> **SOURCE INFORMATION**
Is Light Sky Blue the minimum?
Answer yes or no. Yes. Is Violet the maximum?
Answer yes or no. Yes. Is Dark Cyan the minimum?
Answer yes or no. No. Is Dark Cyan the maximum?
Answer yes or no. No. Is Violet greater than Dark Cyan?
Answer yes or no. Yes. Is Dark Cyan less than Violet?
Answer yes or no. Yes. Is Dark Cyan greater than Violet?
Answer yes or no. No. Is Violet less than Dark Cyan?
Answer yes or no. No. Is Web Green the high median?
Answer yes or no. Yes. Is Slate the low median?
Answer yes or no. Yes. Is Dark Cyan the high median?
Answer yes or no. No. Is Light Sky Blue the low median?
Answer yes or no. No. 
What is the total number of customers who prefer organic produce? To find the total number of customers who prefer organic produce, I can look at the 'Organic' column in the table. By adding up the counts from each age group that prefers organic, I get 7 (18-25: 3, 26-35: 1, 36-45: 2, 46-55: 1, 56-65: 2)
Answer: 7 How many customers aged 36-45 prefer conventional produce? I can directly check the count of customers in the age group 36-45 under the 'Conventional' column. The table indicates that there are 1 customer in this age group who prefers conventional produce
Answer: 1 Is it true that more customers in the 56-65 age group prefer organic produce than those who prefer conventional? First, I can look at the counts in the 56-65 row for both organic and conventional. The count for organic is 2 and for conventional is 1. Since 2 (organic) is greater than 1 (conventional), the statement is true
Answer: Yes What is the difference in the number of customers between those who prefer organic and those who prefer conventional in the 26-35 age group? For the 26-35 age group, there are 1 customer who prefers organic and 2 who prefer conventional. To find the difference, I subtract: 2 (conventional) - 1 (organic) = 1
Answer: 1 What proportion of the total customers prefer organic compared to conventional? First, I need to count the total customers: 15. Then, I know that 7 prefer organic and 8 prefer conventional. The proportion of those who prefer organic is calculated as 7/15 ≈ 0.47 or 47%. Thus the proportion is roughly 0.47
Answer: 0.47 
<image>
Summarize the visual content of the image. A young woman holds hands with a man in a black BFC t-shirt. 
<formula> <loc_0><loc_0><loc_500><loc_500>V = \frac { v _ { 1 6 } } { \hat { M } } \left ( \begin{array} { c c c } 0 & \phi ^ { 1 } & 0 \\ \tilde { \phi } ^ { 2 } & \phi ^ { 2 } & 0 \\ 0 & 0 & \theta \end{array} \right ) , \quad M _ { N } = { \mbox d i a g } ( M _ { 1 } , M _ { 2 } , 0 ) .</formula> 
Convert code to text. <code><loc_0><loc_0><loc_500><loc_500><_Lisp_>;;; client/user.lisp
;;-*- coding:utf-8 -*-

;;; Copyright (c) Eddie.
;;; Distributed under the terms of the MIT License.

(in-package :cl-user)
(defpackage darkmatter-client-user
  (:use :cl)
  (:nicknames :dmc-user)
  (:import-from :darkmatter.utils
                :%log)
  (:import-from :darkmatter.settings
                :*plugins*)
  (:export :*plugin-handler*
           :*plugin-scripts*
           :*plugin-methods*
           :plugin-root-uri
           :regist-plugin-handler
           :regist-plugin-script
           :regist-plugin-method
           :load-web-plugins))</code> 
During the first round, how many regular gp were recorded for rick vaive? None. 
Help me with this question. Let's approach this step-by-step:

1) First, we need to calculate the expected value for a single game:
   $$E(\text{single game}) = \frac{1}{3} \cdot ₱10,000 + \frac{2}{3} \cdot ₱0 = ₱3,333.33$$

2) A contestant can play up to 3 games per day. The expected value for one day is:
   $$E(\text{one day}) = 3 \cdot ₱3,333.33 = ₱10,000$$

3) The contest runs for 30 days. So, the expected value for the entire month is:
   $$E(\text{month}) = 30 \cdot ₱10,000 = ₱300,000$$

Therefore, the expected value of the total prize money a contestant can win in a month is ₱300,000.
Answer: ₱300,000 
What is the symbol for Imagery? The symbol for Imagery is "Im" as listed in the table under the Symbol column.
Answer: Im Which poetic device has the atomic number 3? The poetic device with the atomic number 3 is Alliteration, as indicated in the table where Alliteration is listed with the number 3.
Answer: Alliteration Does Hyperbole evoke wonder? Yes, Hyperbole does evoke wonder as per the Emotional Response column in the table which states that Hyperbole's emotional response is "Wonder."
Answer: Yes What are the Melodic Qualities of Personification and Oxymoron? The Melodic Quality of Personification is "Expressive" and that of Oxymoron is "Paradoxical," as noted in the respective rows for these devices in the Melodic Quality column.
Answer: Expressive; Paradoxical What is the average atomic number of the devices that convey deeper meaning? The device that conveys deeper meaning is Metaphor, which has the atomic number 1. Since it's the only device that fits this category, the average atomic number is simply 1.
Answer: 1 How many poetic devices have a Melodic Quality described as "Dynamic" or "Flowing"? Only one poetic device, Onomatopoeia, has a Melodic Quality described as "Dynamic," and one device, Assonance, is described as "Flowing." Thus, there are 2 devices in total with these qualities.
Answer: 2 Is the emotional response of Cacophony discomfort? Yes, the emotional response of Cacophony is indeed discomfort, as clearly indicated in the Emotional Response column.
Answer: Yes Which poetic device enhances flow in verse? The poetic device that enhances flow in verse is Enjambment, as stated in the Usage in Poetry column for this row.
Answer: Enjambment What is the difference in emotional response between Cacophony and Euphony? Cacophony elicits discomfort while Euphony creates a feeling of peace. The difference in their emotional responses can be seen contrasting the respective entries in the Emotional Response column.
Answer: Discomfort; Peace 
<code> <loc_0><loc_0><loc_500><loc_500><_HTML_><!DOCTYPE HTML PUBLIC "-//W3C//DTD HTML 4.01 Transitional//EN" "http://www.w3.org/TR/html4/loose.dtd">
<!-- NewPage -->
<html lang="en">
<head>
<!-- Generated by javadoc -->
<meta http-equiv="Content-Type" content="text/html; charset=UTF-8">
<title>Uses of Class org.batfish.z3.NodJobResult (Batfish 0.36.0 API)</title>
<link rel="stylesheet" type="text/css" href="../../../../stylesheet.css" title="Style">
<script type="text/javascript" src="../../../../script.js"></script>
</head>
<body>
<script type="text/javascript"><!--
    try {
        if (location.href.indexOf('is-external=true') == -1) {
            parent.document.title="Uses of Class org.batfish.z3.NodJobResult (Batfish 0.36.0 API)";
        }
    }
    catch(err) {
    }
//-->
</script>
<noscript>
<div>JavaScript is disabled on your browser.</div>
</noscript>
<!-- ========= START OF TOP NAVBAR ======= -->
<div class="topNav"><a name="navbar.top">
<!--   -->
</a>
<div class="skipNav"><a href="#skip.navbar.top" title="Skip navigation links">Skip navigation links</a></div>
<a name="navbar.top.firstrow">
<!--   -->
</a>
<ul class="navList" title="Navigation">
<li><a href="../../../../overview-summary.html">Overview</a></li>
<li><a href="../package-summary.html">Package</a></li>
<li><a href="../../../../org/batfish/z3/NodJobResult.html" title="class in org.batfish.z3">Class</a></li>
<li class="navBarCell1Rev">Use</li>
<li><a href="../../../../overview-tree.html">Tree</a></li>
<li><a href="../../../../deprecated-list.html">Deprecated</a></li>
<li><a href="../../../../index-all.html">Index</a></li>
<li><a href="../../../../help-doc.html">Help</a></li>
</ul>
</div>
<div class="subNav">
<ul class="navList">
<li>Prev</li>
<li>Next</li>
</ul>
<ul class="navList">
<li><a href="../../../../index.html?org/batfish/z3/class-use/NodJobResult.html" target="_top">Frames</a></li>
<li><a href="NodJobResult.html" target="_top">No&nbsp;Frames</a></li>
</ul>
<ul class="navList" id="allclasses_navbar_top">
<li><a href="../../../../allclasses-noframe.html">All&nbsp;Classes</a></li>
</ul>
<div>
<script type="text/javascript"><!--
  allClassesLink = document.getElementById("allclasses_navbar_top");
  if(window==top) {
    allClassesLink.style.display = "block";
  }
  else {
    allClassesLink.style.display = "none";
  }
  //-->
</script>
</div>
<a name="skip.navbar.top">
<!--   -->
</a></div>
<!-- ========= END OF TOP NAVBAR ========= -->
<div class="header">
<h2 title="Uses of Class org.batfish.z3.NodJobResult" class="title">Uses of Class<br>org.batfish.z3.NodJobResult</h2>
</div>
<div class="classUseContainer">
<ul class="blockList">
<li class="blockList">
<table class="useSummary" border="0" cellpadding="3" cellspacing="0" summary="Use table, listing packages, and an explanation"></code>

> **WHAT TO DO**
Everything from the first line of the entries above through the line with "Answer: 7 How" is to be reproduced exactly, and nothing else.

> **REPLY TO THE TASK**
Is Light Sky Blue the minimum?
Answer yes or no. Yes. Is Violet the maximum?
Answer yes or no. Yes. Is Dark Cyan the minimum?
Answer yes or no. No. Is Dark Cyan the maximum?
Answer yes or no. No. Is Violet greater than Dark Cyan?
Answer yes or no. Yes. Is Dark Cyan less than Violet?
Answer yes or no. Yes. Is Dark Cyan greater than Violet?
Answer yes or no. No. Is Violet less than Dark Cyan?
Answer yes or no. No. Is Web Green the high median?
Answer yes or no. Yes. Is Slate the low median?
Answer yes or no. Yes. Is Dark Cyan the high median?
Answer yes or no. No. Is Light Sky Blue the low median?
Answer yes or no. No. 
What is the total number of customers who prefer organic produce? To find the total number of customers who prefer organic produce, I can look at the 'Organic' column in the table. By adding up the counts from each age group that prefers organic, I get 7 (18-25: 3, 26-35: 1, 36-45: 2, 46-55: 1, 56-65: 2)
Answer: 7 How many customers aged 36-45 prefer conventional produce? I can directly check the count of customers in the age group 36-45 under the 'Conventional' column. The table indicates that there are 1 customer in this age group who prefers conventional produce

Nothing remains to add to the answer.